WASHINGTON: A group of US medical workers left the Gaza Strip after getting stuck at the hospital where they were providing care, the White House said on Friday.
Reports emerged earlier this week of American doctors being unable to leave Gaza after Israel closed the Rafah border crossing, including 10 from the US-based Palestinian American Medical Association, who had intended to leave after a two-week mission at the European Hospital in Khan Younis, a city near Rafah in southern Gaza.
On Friday, 17 American doctors and health care workers, out of a total of 20, got out of Gaza, White House national security spokesperson John Kirby told reporters.
“I can assure you that any of them that wanted to leave are out,” Kirby said.
A State Department spokesperson told Reuters that some of the doctors that had been stuck made their way to safety with assistance from the US Embassy in Jerusalem.
Three of the US doctors chose not to depart Gaza, a source familiar with the situation said, adding that the doctors who stayed behind understood that the US Embassy may not be able to facilitate their departure as it did on Friday.

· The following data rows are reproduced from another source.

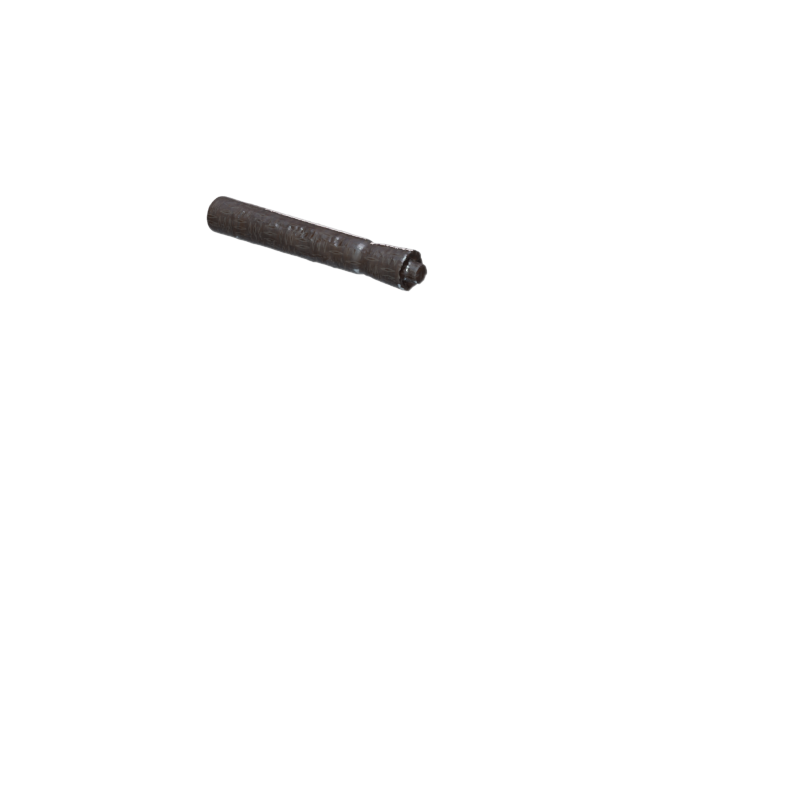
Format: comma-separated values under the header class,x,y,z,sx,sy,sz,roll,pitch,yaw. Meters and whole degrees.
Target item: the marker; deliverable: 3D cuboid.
class,x,y,z,sx,sy,sz,roll,pitch,yaw
marker,-0.040,-0.074,0.518,0.128,0.019,0.019,21,15,33
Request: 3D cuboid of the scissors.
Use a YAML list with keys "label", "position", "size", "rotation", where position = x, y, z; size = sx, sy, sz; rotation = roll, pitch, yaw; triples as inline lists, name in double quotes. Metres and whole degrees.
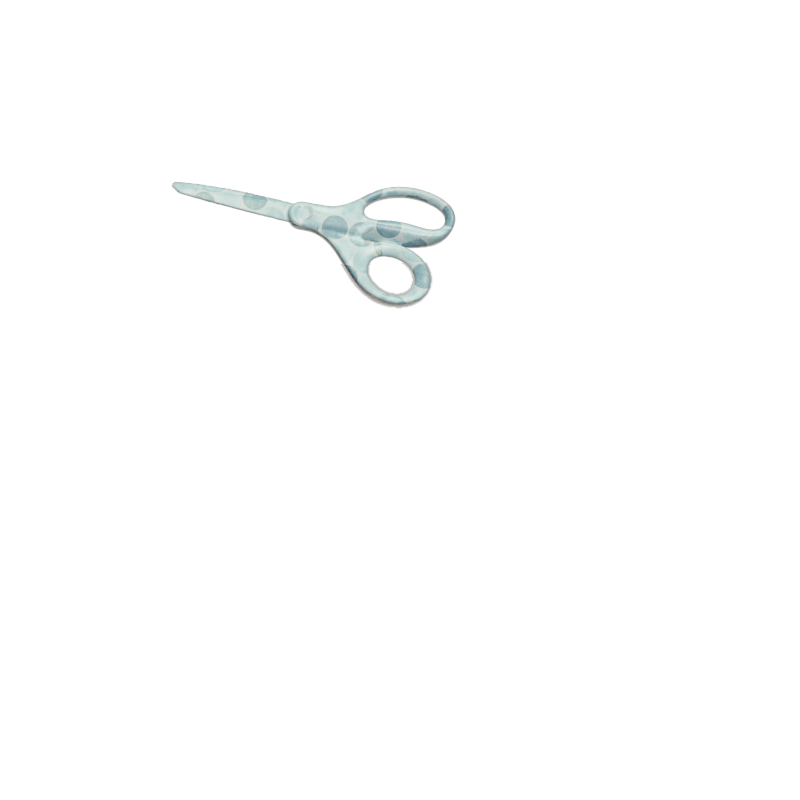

The Palestinian American Medical Association, a US-based non-profit, reported that its team of 19 health care professionals, including 10 Americans, had been denied exit from Gaza after their two-week mission.
The organization said on social media on Wednesday that it had a more doctors waiting to enter Gaza to replace the workers trying to leave.
Israel seized and closed the Rafah border crossing between Gaza and Egypt on May 7, disrupting a vital route for people and aid into and out of the devastated enclave.
Gaza’s health care system has essentially collapsed since Israel began its military offensive there after the Oct. 7 cross-border attacks by Palestinian Hamas militants on Israelis.
Aid deliveries began arriving at a US-built pier off the Gaza Strip on Friday.